The Overdraft Protection Act would cap the frequency of overdraft fees and one per month, up to six per year, and would require that these fees be “reasonable and proportional” to the amount an account has been overdrafted, as consumers often complain about being hit with a $35 fee for overdrafting only a few cents.
The act would also stop banks from charging a fee if the overdraft results from a hold placed on an account that exceeds the amount of the transaction. We’ve heard of several instances, especially at gas stations, where a merchant automatically puts a 3-figure hold on a customer’s debit card, regardless of how much they intend to spend at the pump.
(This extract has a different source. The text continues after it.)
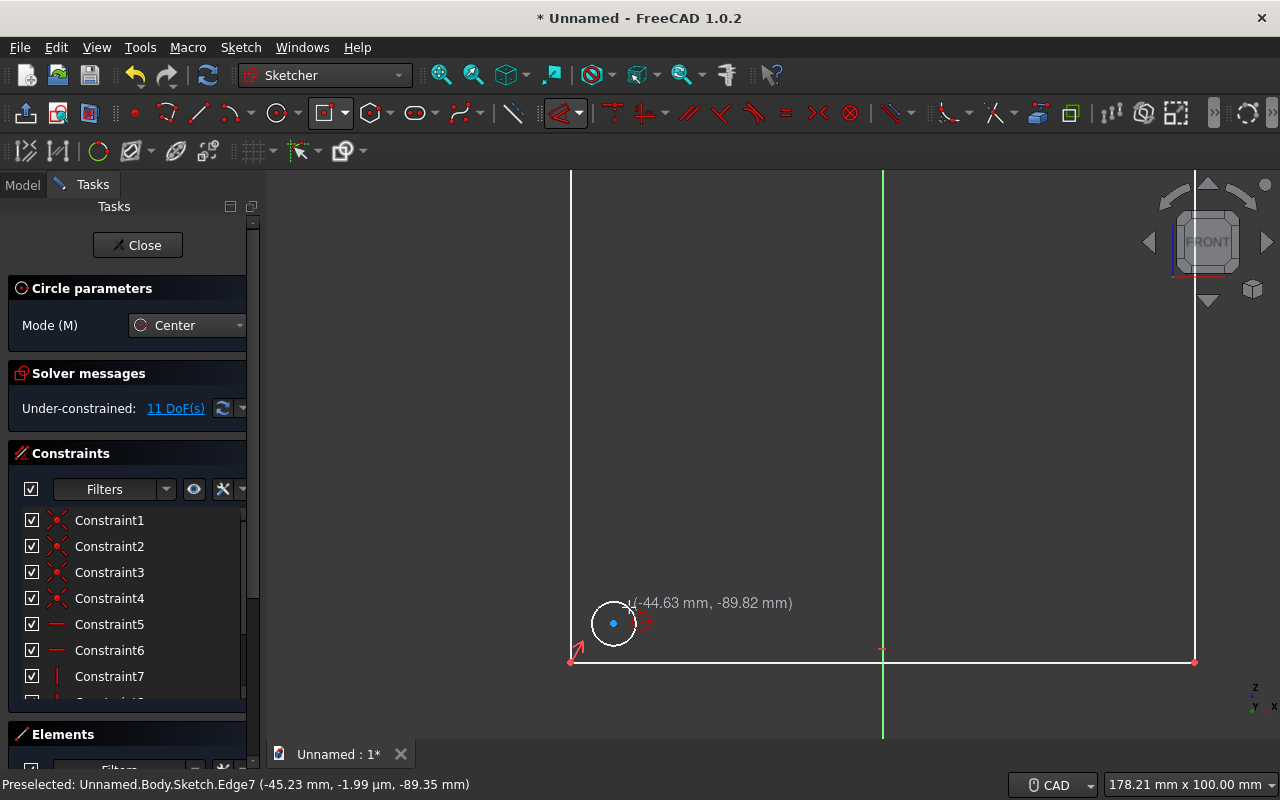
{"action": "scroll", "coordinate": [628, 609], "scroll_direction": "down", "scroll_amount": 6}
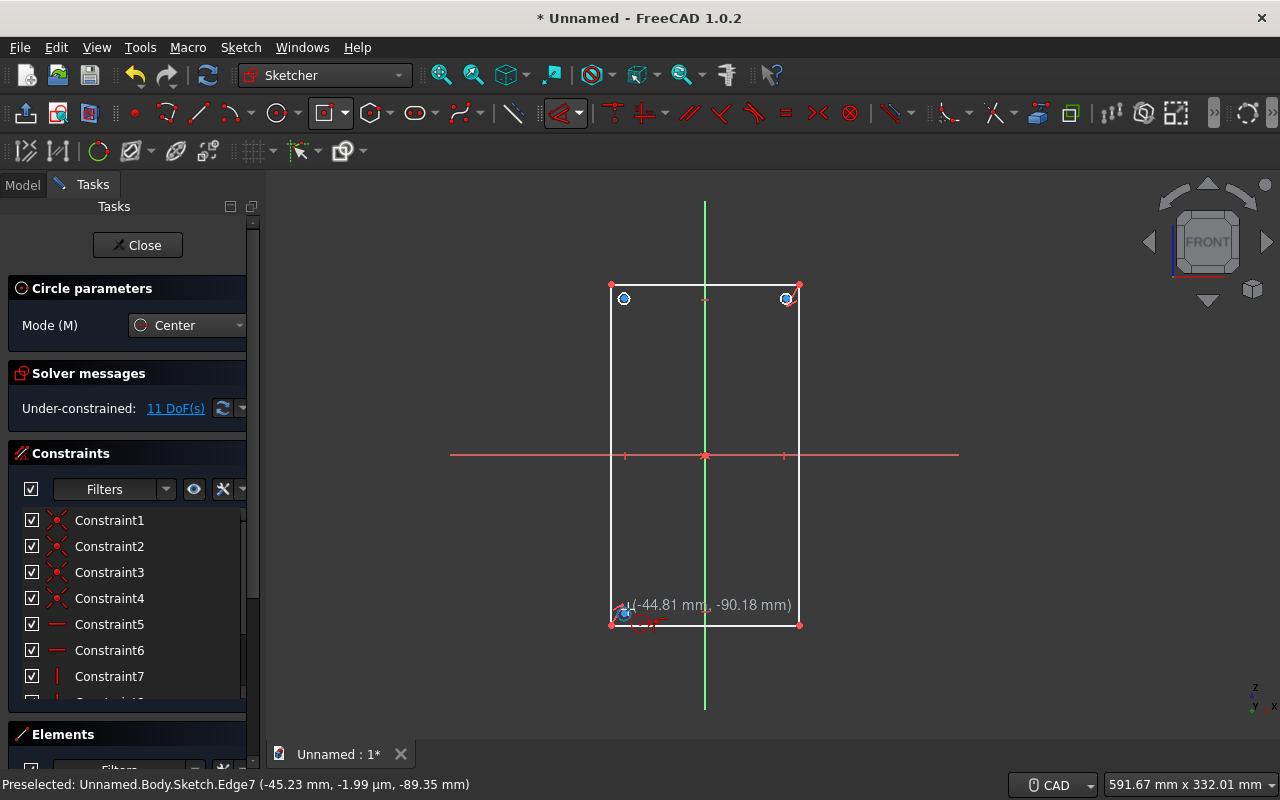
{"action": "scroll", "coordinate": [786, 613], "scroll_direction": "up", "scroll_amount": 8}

Perhaps most importantly, the act would stop the practice of processing transactions in an order that is most likely to maximize overdraft fees. Say, for example, that a customer has $99 in his account and there are four pending purchases, one for $100 and three for $33 each. If all these purchases are processed, the customer is going to overdraft regardless. But if the bank processed the three $33 purchases and then the $100 item, the customer is only charged a single overdraft fee. But if the bank processes the $100 charge first, each of those $33 purchases will likely be hit with a separate fee. So even though the customer has spent the same amount of money, the bank has made significantly more for itself by processing the more expensive purchase first.
“It’s very clear that banks are gouging customers with incredibly high and outrageous overdraft fees that are not related to their cost,” said Ed Mierzwinski, consumer program director at U.S. Public Interest Research Group tells Herb Weisbaum. “The idea of a $35 fee for the privilege of overdrawing your account is good for the banks, but not for the consumer.”
Meanwhile, the American Bankers Association says such legislation is unnecessary.
“History has shown that when the government intervenes in how private markets price their services, there are unintended consequences that usually are adverse to consumers,” said Nessa Feddis, senior counsel at the ABA.
Of course, given the influence of banks on the lawmaking process, and the general difficulty any new legislation has of being enacted, this bill has a snowball’s chance in Hades of getting out of committee… but it’s good to see people try anyway.